Direktur Jenderal Pajak Bimo Wijayanto menjelaskan, keputusan perpanjangan diambil setelah mempertimbangkan realisasi pelaporan SPT serta hasil konsultasi dengan Menteri Keuangan.
"Jadi keputusan Pak Menteri setelah kami konsultasi dengan evidence data kinerja penerimaan SPT yang ada diputuskan kita akan perpanjang sampai 30 April Baik untuk pelaporannya maupun pembayarannya," kata Bimo dalam keterangannya, Jumat 27 Maret 2026.
Hingga saat ini, jumlah pelaporan SPT mencapai 9.131.427, yang terdiri dari 8.196.513 wajib pajak karyawan dan 924.443 non-karyawan.
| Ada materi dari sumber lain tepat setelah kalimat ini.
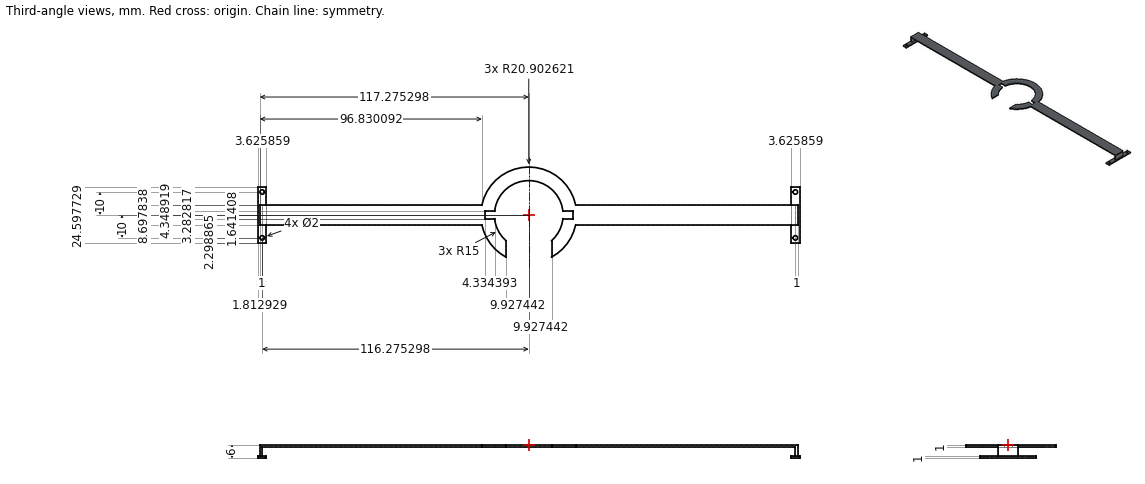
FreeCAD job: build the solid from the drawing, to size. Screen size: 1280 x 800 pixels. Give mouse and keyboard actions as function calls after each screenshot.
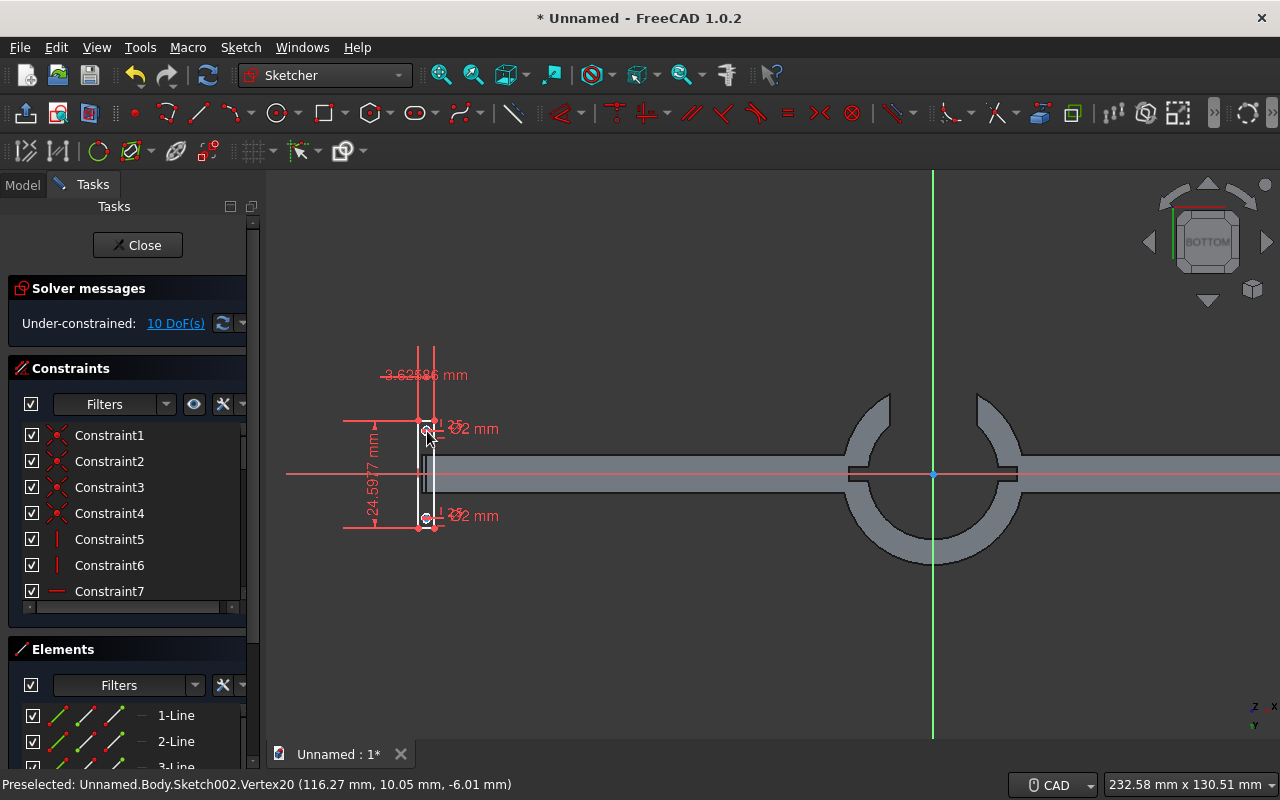
click(426, 431)

Artinya, DJP masih harus mengejar sekitar 5 juta WP untuk mencapai target tahun ini.
"Jadi SPT insya Allah kita perpanjang sampai 30 April Untuk orang pribadi saja. Jadi kita expect, kalau perkemarin itu sudah 9, hampir 9,1 juta. Masih harus sekitar 5 juta yang kita tunggu dari orang pribadi," ujar Bimo.
Namun demikian, kebijakan ini berpotensi menggeser penerimaan negara. DJP memperkirakan sekitar Rp5 triliun penerimaan pajak akan bergeser ke April 2026.
"Ya mungkin sekitar Rp5 triliun lah yang akan geser sampai April Kami sudah laporkan juga kepada Pak Menteri Mungkin hari ini kita akan luncurkan kebijakan terkait dengan perpanjangan SPT," pungkasnya.